Entries taken from a collection
-----
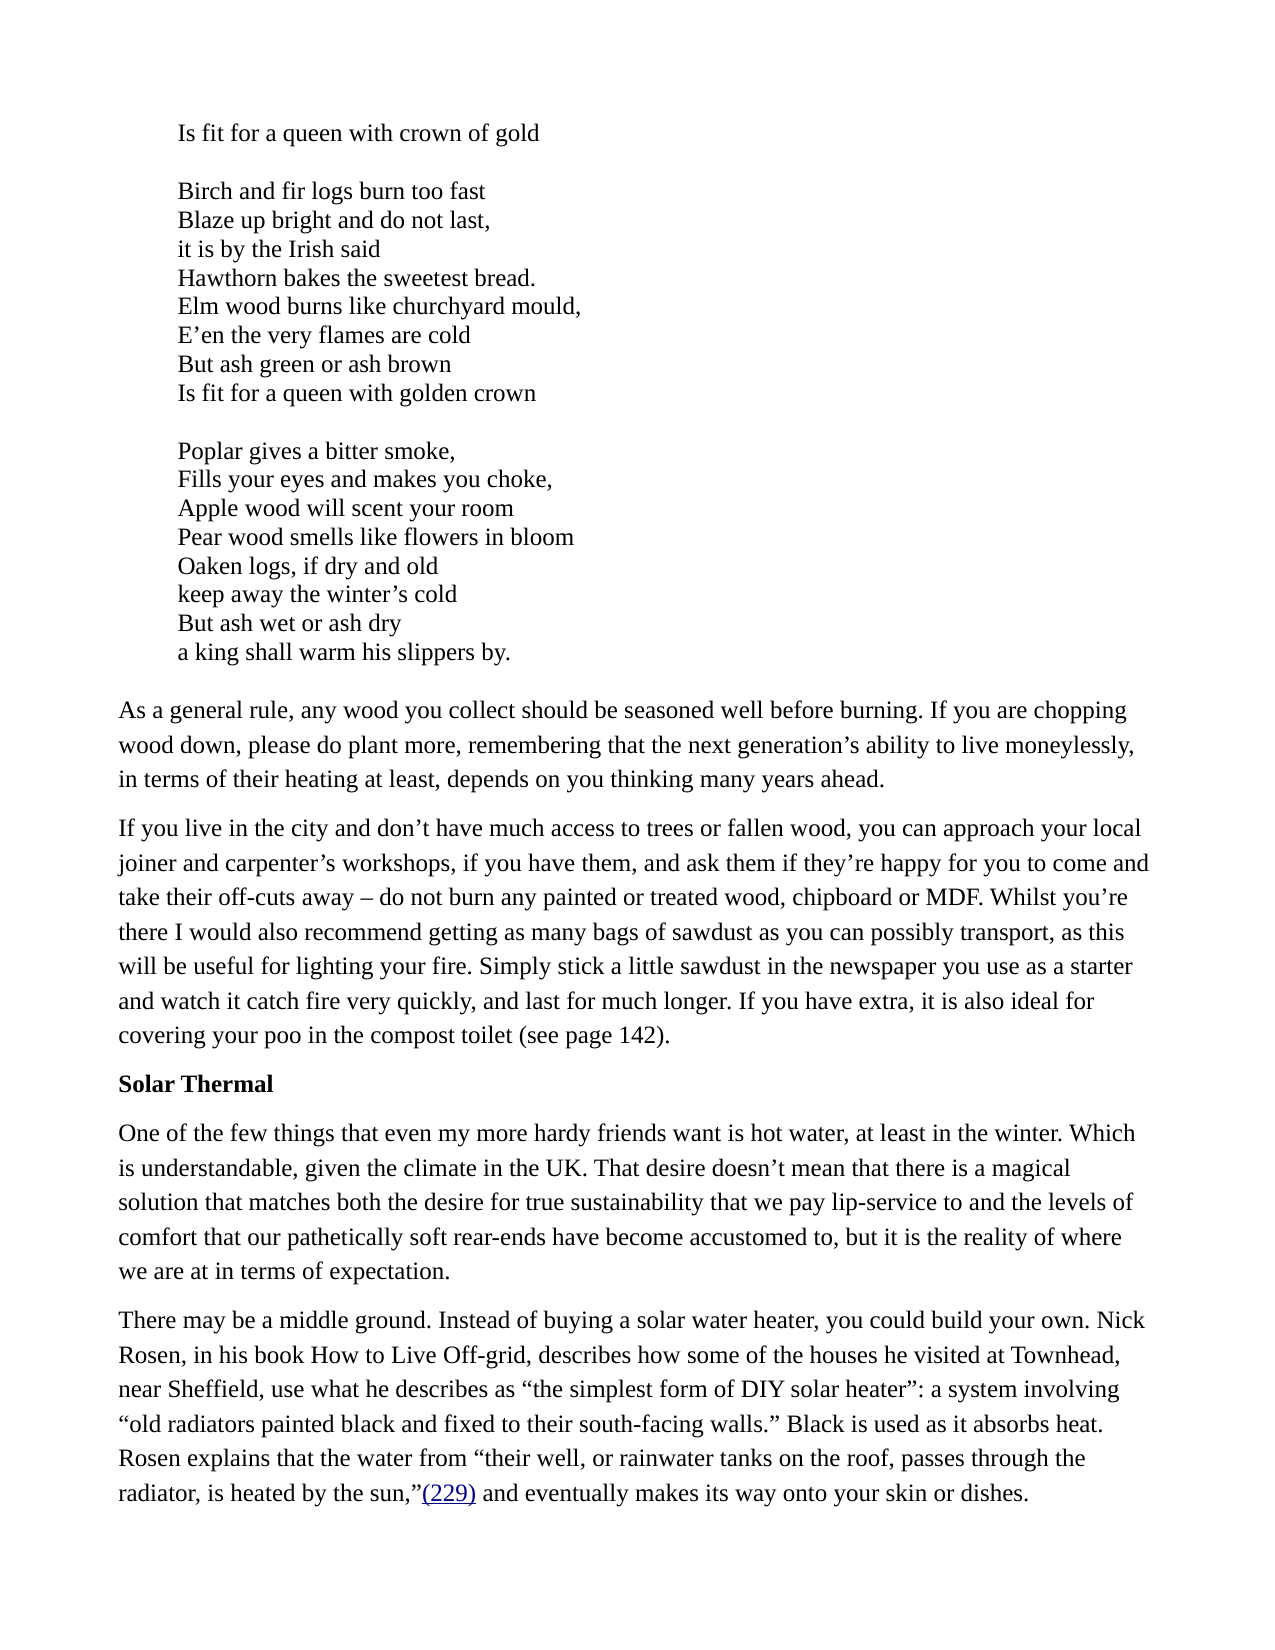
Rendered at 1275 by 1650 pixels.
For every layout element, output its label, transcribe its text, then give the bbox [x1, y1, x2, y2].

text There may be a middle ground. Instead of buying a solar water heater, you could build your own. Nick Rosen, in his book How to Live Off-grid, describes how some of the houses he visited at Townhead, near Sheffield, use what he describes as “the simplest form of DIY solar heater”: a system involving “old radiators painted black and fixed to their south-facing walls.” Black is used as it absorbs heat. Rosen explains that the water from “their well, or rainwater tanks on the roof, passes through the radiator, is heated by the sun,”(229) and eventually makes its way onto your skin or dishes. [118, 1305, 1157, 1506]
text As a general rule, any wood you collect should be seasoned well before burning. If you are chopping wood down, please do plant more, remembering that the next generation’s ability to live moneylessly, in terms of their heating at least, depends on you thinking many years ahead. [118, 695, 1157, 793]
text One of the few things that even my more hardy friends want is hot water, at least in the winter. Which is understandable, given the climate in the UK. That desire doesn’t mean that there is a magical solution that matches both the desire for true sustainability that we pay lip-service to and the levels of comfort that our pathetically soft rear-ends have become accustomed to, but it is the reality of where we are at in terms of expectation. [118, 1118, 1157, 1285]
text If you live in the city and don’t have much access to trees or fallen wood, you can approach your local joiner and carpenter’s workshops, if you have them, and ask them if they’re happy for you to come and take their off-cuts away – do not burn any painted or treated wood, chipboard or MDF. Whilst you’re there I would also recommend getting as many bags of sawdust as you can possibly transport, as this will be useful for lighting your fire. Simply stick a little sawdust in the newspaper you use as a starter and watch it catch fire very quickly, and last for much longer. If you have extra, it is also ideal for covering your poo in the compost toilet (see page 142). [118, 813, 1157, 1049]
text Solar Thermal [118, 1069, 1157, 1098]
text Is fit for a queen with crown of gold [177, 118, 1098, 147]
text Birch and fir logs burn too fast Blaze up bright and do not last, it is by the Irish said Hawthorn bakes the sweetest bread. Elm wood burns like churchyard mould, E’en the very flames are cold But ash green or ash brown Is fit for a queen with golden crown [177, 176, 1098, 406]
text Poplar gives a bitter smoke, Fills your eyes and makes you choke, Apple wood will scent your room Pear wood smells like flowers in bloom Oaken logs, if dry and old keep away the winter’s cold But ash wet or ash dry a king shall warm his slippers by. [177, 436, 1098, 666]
-----
All entries above are to be set down word for word, and the pictures are to be left out.

**Task response**
Rendered at 1275 by 1650 pixels.
For every layout element, output its label, transcribe its text, then give the bbox [x1, y1, x2, y2].

text There may be a middle ground. Instead of buying a solar water heater, you could build your own. Nick Rosen, in his book How to Live Off-grid, describes how some of the houses he visited at Townhead, near Sheffield, use what he describes as “the simplest form of DIY solar heater”: a system involving “old radiators painted black and fixed to their south-facing walls.” Black is used as it absorbs heat. Rosen explains that the water from “their well, or rainwater tanks on the roof, passes through the radiator, is heated by the sun,”(229) and eventually makes its way onto your skin or dishes. [118, 1305, 1157, 1506]
text As a general rule, any wood you collect should be seasoned well before burning. If you are chopping wood down, please do plant more, remembering that the next generation’s ability to live moneylessly, in terms of their heating at least, depends on you thinking many years ahead. [118, 695, 1157, 793]
text One of the few things that even my more hardy friends want is hot water, at least in the winter. Which is understandable, given the climate in the UK. That desire doesn’t mean that there is a magical solution that matches both the desire for true sustainability that we pay lip-service to and the levels of comfort that our pathetically soft rear-ends have become accustomed to, but it is the reality of where we are at in terms of expectation. [118, 1118, 1157, 1285]
text If you live in the city and don’t have much access to trees or fallen wood, you can approach your local joiner and carpenter’s workshops, if you have them, and ask them if they’re happy for you to come and take their off-cuts away – do not burn any painted or treated wood, chipboard or MDF. Whilst you’re there I would also recommend getting as many bags of sawdust as you can possibly transport, as this will be useful for lighting your fire. Simply stick a little sawdust in the newspaper you use as a starter and watch it catch fire very quickly, and last for much longer. If you have extra, it is also ideal for covering your poo in the compost toilet (see page 142). [118, 813, 1157, 1049]
text Solar Thermal [118, 1069, 1157, 1098]
text Is fit for a queen with crown of gold [177, 118, 1098, 147]
text Birch and fir logs burn too fast Blaze up bright and do not last, it is by the Irish said Hawthorn bakes the sweetest bread. Elm wood burns like churchyard mould, E’en the very flames are cold But ash green or ash brown Is fit for a queen with golden crown [177, 176, 1098, 406]
text Poplar gives a bitter smoke, Fills your eyes and makes you choke, Apple wood will scent your room Pear wood smells like flowers in bloom Oaken logs, if dry and old keep away the winter’s cold But ash wet or ash dry a king shall warm his slippers by. [177, 436, 1098, 666]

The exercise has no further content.